Cry Me A River
It's hard for me to summon up much sympathy for hand wringing CIA officials and agents who now are worried that their jobs and future might be jeopardized by the decision to ban torture and to restrict interrogation techniques to those outlined in the Army Field Manual. Agents have already been assured by President Obama that they won't be prosecuted for using the torture specifically condoned by the Bush era Justice Department, even though those agents knew full well that some of the techniques they were using were in clear violation of both domestic and international law. What are they so worried about?
This article by Walter Pincus in today's Washington Post, as oddly disjointed as it is, gives us a few hints. Here's the most obvious one:
Although President Obama has said no CIA officers will be prosecuted for their roles in harsh interrogations if they remained within Justice Department guidelines in effect at the time, agency personnel still face subpoenas and testimony under oath before criminal, civil and congressional bodies.
As part of an ongoing criminal inquiry into the CIA's destruction of videotapes depicting waterboarding, CIA personnel will appear before a grand jury this week, according to two sources familiar with the matter who spoke on the condition of anonymity because the case is continuing. The Senate intelligence committee is pursuing its investigation into whether harsh interrogations, including waterboarding, brought forward worthwhile intelligence, as agency and Bush administration officials have maintained. [Emphasis added]
Apparently the CIA is not happy about all the attention. The way it does business and the very techniques that it uses are about to hauled into semi-public attention. The CIA will have some light shone on it, and that is something it clearly does not appreciate.
While intelligence gathering depends on some measure of secrecy, nowhere is it written that the CIA (or any other intelligence agency, for that matter) can do whatever it pleases, especially when what it pleases involves the kind of heinous behavior we have discovered agents engaged in. President Obama has already approved the "I was just following orders" defense for agents, even though that defense was deemed to be unacceptable at Nuremberg. Their personal backsides have been covered. Now it's time to find out just what was done, why, and what we have to do to make sure it doesn't happen again.
And if it upsets the suddenly sensitive feelings of the CIA officials and agents to have to provide testimony to the country that pays their salaries, well, I'm sure there are plenty of tissues to mop up the sweat and tears which will flow.

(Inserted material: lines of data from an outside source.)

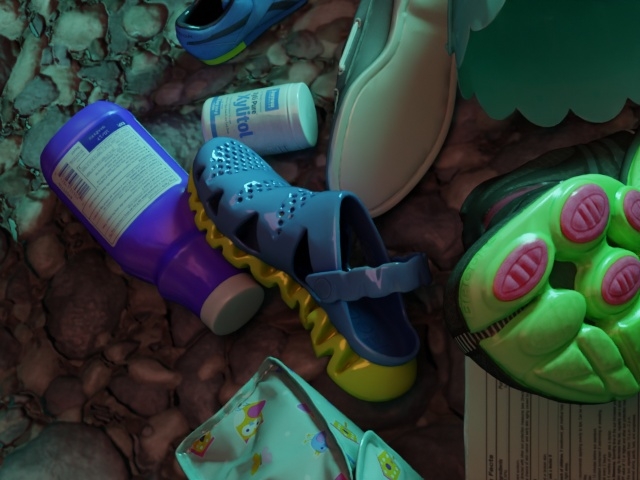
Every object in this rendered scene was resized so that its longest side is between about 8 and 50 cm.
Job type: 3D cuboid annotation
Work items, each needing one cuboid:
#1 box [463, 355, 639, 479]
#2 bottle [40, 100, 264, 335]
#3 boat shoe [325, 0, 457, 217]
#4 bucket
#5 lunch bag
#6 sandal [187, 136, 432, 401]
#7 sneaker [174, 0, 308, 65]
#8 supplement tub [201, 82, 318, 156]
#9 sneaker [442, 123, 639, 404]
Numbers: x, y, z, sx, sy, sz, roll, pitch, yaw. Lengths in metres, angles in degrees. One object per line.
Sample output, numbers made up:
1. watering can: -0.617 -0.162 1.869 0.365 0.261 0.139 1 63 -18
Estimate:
1. box: 0.250 0.160 1.389 0.232 0.127 0.149 2 96 19
2. bottle: -0.168 -0.020 1.636 0.118 0.092 0.283 -45 64 -1
3. boat shoe: 0.073 -0.172 1.629 0.099 0.116 0.319 3 74 65
4. bucket: 0.244 -0.252 1.495 0.281 0.281 0.183 -17 63 12
5. lunch bag: 0.027 0.251 1.354 0.160 0.223 0.262 -46 35 -2
6. sandal: 0.000 0.000 1.536 0.317 0.126 0.138 44 127 20
7. sneaker: -0.067 -0.274 1.704 0.209 0.082 0.069 -41 62 -1
8. supplement tub: -0.063 -0.121 1.651 0.107 0.071 0.071 -10 68 16
9. sneaker: 0.206 0.024 1.336 0.202 0.483 0.185 -18 94 29

This article by Walter Pincus in today's Washington Post, as oddly disjointed as it is, gives us a few hints. Here's the most obvious one:
Although President Obama has said no CIA officers will be prosecuted for their roles in harsh interrogations if they remained within Justice Department guidelines in effect at the time, agency personnel still face subpoenas and testimony under oath before criminal, civil and congressional bodies.
As part of an ongoing criminal inquiry into the CIA's destruction of videotapes depicting waterboarding, CIA personnel will appear before a grand jury this week, according to two sources familiar with the matter who spoke on the condition of anonymity because the case is continuing. The Senate intelligence committee is pursuing its investigation into whether harsh interrogations, including waterboarding, brought forward worthwhile intelligence, as agency and Bush administration officials have maintained. [Emphasis added]
Apparently the CIA is not happy about all the attention. The way it does business and the very techniques that it uses are about to hauled into semi-public attention. The CIA will have some light shone on it, and that is something it clearly does not appreciate.
While intelligence gathering depends on some measure of secrecy, nowhere is it written that the CIA (or any other intelligence agency, for that matter) can do whatever it pleases, especially when what it pleases involves the kind of heinous behavior we have discovered agents engaged in. President Obama has already approved the "I was just following orders" defense for agents, even though that defense was deemed to be unacceptable at Nuremberg. Their personal backsides have been covered. Now it's time to find out just what was done, why, and what we have to do to make sure it doesn't happen again.
And if it upsets the suddenly sensitive feelings of the CIA officials and agents to have to provide testimony to the country that pays their salaries, well, I'm sure there are plenty of tissues to mop up the sweat and tears which will flow.
Labels: CIA, Governmental Secrecy, Rule of Law
2 Comments:
sniff, boo-hoo, snot, and all that stuff. I guess the repubs really want this, "truth"!
snot, sniff, boo-hoo!
:-)
I don't have high expectations of anything happening. If the senate hearings are in secret, they will be extra useless, because these folks are all about the photo-op. The only beneficiaries of this process will be the senators who get to huff and puff and scold and rage in front of the cameras; the public will pick up the tab, and get nothing but a little entertainment.